20 August 2019

The AR-V7 liquid biopsy test

New blood test helps doctors choose the best treatments for men with advanced prostate cancer
Prostate Cancer | Real Stories | Where The Money Goes
3 MIN READ
 

A blood test which could prolong the lives of thousands of men in the United States with advanced prostate cancer has been developed by Movember-funded scientists.
 
The AR-V7 liquid biopsy test – which works by detecting the presence of a protein found on cancer cells - can predict whether or not a patient will respond to hormone-therapy drugs.
 
It means that patients who carry this protein don’t waste time taking treatments that would not work for them.
 
Results of the PROPHECY study, led by Dr Andrew J. Armstrong at Duke University, and funded by the Movember Foundation and the Prostate Cancer Foundation, has shown that drugs such as enzalutamide and abiraterone have little survival benefit to AR-V7 positive men with high-risk, advanced prostate cancer.
 
Following successful clinical trials, the AR-V7 test was developed by biotech company Epic Sciences and to date over 1,600 men in the US have taken the test, which is reimbursed by Medicare.
 
Dr Mark Buzza, Director of Biomedical Research at the Movember Foundation, says: “We are delighted to see that this test is now available to men in the US.
 
“On average, it takes 17 years to translate a laboratory discovery into a treatment that will impact lives – for it to reach patients within five years is almost unprecedented.
 
“The positive outcomes of the PROPHECY study means that a personalized medicine approach can now be undertaken for many men with advanced prostate cancer.

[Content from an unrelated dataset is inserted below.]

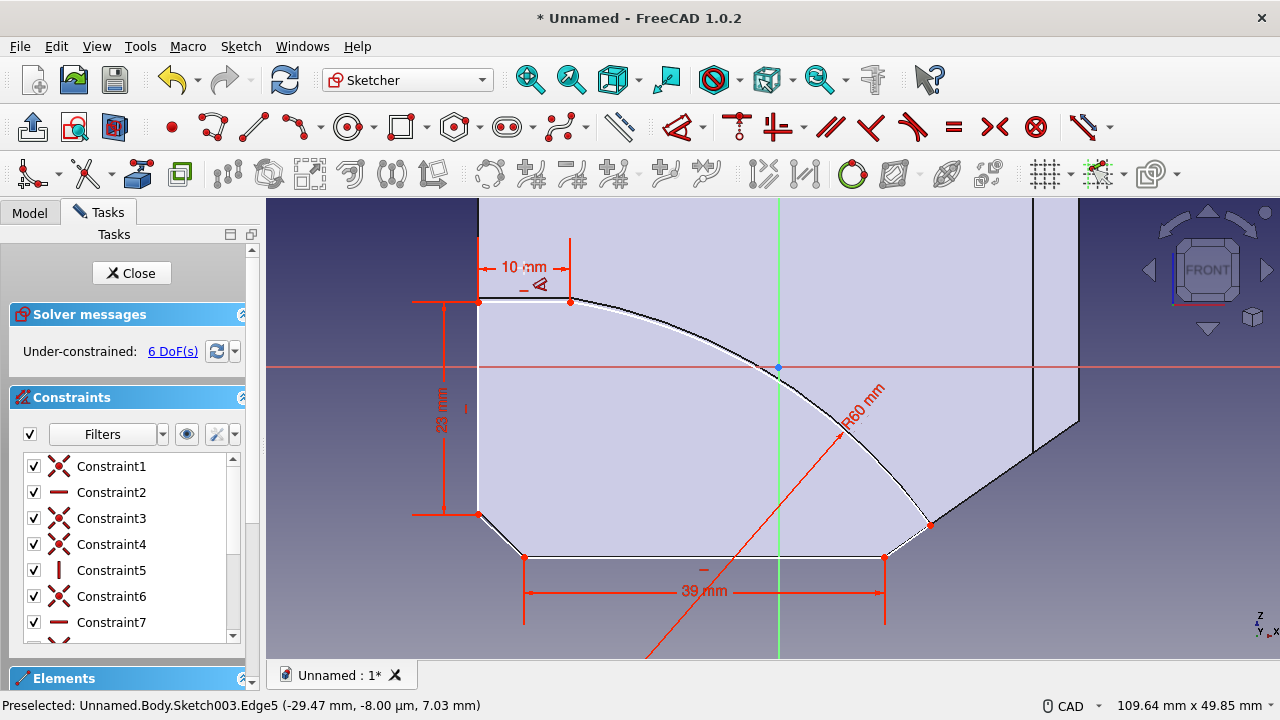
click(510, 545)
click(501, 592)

The AR-V7 test provides a more accurate way of selecting and optimising treatment, based on a patient’s own genetic information.”
 
He added: “The AR-V7 test empowers men to make more informed decisions about their treatment. It will not only reduce unnecessary treatment side effects but will also improve men’s chances of survival.”

 
“The AR-V7 test empowers men to make more informed decisions about their treatment.”
 

Each year more than 174,000 men in the US are diagnosed with prostate cancer and more than 31,000 die from the disease.
 
Men with advanced prostate cancer are often offered therapies such as enzalutamide or abiraterone where first-line treatments such as surgery or chemotherapy have failed.
 
However, as many as a fifth of men do not respond to these drugs and until recently doctors have not been able to determine which patients will respond prior to treatment.
 
One patient who has taken the test is Bryce Olson, now 49, from Portland, Oregon, who was diagnosed with stage 4 prostate cancer in 2014.
 
The father-of-one, who had surgery and six rounds of chemotherapy before his cancer returned in 2015, says that finding out that that he was AR-V7 negative gave him the confidence to try a second-line hormonal drug.
 
He says: “I have a very aggressive prostate cancer so I cannot waste time taking drugs that aren’t going to work for me. The test result empowered me to get onto Zytiga (abiraterone) and prednisone as a treatment plan. I’m happy to say that I’m four plus months of having a declining PSA and I feel great.”